Le roman, contrairement au film qui l'adapte, laisse très peu filtrer les sentiments de Christian Grey. Ces derniers semblent orchestrés par une Annastasia jamais en reste de surprises puisque, n'étant pas forcément celui qu'elle imagine, Christian fait montre de sentiments différents qui lui apparaissent nouveaux.
Autre fait, la métaphore filée du vol d'Icare pour l'acte et de la passion sexuels. Métaphore qui prend un tour concret, au pied de la lettre
lorsque les deux personnages s'envolent vers la fin du roman très près du soleil.
puis un tour très figuré
lorsque Christian fesse Annastasia si fort qu'elle épreuve l'ultime brûlure menant à la chute du couple.
Cette métaphore n'est pas d'El James mais bien plutôt d'Erica Jong, célèbre pour son roman érotique féministe Le Complexe d'Icare (en réalité, *La Peur de vole*r) publié en 1974 et qui réclame la possibilité d'écrire le désir féminin lié à la sexualité.
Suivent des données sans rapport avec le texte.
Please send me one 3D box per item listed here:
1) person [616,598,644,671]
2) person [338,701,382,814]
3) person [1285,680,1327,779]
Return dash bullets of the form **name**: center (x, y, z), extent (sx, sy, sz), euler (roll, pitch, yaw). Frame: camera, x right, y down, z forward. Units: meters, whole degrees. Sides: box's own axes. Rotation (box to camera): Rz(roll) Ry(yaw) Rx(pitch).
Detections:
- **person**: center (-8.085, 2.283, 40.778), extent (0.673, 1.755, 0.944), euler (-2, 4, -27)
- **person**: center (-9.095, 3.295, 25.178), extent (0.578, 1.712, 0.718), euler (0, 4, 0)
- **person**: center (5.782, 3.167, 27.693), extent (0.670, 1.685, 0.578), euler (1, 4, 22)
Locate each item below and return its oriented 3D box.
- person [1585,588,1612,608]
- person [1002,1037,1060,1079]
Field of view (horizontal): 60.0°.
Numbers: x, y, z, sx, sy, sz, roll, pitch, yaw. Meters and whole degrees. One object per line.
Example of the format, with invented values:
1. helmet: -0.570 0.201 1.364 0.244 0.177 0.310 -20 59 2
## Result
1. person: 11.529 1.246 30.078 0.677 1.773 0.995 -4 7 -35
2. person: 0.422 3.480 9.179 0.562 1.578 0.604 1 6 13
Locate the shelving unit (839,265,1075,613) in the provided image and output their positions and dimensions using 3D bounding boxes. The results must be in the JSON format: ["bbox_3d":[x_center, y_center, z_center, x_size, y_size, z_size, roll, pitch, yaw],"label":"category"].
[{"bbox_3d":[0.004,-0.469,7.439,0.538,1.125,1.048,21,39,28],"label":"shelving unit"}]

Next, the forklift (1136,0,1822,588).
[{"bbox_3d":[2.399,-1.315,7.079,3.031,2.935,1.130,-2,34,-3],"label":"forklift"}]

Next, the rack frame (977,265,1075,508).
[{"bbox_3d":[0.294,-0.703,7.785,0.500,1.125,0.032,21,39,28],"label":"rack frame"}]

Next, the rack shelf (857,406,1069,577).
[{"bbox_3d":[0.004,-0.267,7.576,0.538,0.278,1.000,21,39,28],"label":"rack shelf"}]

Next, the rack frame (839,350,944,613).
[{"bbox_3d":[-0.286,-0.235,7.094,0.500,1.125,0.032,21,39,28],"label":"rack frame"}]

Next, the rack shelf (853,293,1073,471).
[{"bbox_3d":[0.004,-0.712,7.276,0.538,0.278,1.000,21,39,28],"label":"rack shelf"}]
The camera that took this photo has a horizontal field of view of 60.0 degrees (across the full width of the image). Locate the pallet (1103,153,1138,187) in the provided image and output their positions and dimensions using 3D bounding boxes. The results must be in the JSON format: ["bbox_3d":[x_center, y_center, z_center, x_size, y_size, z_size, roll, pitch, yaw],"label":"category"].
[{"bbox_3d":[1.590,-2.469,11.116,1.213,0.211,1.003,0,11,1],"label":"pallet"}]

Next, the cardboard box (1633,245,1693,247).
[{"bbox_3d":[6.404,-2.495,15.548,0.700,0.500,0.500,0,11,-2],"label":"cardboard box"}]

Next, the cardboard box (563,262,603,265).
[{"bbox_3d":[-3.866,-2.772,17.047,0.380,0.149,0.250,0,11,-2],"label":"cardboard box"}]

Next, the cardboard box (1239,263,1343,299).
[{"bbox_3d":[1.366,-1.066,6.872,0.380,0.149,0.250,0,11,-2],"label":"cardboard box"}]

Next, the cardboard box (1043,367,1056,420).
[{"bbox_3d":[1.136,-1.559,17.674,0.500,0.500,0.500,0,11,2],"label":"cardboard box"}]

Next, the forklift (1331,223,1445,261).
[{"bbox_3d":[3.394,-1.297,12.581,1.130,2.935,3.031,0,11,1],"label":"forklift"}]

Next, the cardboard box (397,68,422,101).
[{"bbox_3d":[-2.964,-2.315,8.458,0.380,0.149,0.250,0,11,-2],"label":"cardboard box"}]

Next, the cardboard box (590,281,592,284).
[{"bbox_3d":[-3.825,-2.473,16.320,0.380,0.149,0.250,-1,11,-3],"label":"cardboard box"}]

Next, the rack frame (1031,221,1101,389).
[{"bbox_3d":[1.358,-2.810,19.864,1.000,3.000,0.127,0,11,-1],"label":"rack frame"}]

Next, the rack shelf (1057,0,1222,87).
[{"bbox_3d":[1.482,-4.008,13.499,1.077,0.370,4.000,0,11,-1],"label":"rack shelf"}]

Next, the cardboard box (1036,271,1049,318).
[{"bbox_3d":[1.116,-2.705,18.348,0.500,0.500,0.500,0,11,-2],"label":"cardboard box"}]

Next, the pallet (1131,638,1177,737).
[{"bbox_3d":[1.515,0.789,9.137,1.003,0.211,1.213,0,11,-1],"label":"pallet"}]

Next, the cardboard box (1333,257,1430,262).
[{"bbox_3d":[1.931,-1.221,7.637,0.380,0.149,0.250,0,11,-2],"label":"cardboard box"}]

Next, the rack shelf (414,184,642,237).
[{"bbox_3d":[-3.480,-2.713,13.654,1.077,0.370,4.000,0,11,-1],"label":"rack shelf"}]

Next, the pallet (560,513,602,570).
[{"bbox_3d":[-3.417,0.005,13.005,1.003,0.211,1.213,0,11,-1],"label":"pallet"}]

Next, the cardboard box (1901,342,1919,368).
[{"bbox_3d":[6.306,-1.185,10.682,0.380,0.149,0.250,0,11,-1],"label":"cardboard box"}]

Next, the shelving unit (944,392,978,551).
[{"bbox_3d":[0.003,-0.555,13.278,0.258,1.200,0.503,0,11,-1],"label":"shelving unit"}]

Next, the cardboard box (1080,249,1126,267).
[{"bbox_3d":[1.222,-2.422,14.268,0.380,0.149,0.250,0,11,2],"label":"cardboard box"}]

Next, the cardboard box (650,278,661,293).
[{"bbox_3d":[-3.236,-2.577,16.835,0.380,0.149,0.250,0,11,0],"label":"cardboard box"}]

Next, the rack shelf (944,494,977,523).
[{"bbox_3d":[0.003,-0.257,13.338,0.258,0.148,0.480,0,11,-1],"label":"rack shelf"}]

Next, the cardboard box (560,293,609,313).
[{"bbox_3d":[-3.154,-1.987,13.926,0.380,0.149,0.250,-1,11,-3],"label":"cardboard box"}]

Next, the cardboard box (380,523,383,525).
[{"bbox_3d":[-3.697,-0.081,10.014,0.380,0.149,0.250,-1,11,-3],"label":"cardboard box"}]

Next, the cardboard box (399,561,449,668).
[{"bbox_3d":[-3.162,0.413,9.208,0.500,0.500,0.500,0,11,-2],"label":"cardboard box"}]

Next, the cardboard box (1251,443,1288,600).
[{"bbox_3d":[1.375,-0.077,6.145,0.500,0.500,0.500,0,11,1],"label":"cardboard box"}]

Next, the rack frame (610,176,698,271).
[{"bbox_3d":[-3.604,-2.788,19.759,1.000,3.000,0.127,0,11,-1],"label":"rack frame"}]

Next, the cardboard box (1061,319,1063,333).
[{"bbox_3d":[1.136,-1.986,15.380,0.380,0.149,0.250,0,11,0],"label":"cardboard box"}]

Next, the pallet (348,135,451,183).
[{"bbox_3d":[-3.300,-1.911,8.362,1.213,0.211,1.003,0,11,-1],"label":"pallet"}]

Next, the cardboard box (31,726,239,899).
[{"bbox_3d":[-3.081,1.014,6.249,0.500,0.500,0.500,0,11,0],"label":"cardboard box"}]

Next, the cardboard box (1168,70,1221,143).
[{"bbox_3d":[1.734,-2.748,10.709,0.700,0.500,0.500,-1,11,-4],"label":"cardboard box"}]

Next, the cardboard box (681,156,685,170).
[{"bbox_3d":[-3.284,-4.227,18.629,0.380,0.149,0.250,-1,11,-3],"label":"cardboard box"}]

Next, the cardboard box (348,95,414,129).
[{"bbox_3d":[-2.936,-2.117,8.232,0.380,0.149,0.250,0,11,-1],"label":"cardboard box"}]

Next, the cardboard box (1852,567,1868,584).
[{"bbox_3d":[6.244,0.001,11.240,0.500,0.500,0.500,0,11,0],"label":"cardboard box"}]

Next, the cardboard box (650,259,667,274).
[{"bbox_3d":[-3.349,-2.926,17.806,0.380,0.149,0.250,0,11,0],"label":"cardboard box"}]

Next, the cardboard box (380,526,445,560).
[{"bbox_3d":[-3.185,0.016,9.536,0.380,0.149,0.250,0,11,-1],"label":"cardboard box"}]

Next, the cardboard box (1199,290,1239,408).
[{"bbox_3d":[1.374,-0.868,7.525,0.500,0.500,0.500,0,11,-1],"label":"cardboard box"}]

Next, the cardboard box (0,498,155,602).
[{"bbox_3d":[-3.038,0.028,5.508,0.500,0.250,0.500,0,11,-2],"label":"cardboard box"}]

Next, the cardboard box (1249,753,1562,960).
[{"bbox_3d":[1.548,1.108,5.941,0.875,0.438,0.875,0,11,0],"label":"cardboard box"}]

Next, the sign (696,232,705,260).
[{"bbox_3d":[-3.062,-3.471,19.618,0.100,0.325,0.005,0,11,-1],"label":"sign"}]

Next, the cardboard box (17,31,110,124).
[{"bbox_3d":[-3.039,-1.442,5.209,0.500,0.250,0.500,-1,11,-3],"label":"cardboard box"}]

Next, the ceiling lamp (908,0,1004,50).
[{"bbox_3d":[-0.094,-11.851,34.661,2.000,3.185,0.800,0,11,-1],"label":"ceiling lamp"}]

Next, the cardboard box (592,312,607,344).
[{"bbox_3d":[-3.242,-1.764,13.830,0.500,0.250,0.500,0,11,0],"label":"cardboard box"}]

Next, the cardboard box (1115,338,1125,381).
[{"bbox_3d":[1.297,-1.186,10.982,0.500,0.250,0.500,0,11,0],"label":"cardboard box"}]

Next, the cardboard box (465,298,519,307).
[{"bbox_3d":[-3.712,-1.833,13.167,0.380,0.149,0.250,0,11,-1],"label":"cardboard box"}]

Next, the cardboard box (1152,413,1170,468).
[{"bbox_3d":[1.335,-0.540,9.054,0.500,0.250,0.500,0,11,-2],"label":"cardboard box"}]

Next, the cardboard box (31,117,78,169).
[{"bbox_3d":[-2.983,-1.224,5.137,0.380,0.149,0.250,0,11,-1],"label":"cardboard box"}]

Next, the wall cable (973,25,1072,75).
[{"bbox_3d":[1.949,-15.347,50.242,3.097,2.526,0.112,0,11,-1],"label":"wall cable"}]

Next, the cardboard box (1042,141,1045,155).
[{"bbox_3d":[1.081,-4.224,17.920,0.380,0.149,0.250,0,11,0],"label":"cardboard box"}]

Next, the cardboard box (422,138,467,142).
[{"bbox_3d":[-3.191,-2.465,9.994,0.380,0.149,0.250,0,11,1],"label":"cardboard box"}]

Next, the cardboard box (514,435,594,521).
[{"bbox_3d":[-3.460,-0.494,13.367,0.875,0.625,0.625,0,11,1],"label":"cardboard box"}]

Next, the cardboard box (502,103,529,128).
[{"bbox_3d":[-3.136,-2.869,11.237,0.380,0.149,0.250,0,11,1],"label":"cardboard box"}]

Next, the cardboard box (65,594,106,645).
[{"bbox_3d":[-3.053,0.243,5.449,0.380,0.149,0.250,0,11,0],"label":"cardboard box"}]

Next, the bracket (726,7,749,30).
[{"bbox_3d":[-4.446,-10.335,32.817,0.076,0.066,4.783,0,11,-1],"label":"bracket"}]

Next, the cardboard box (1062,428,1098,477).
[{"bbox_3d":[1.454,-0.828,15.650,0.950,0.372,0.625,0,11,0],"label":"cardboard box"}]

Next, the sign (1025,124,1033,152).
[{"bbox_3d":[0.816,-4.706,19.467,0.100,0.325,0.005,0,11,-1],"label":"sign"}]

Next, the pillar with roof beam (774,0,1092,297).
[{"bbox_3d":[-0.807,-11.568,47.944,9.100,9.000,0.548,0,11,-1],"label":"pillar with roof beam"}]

El James semble lui répondre par un pied de nez car si Cinquante nuances de Grey applique son idée, il en montre aussi les failles, la vision exclusive d'Annastasia servant l'aura de mystère autour de Christian Grey plus qu'une victoire de l'épanchement féminin.
Les références, allusions, intertextualités sont nombreuses et souvent subtiles: Adam et Eve (découverte de la nudité qui brise le Paradis), le théâtre de boulevard repris dans le détournement
d'un de ses répliques cultes: "ciel mon mari!" qui devient le jouissif "ciel, ma mère!"
autant de perles d'ingéniosité qui font le délice de l'oeuvre d'El James.
Seulement voilà; tout le monde n'y goûte pas car tout le monde ne le voit pas.
Cette intertextualité manquée, il ne reste plus au lecteur qu'un de "ces livres qu'on lit d'une main" (Herbert Léonard) où le vrai plaisir du lecteur peut se poser sur les échanges de courriels que même le film n'a pu omettre qui défie sans le savoir les paroles d'un Feldman qui considère que "les amours infidèles s'écrivent sur logiciel". En effet, c'est là que les deux personnages se rencontrent vraiment, osent se parler, se dire les choses et se livrent à une délicieuse traque amoureuse.
Etant complexe à apprécier mais recelant de nombreuses ingéniosités qui peuvent être éludées, je pose un cinq baccara (cf. ma critique des Bienveillantes de Littell) + une étoile de bonus pour ces merveilles insoupçonnées.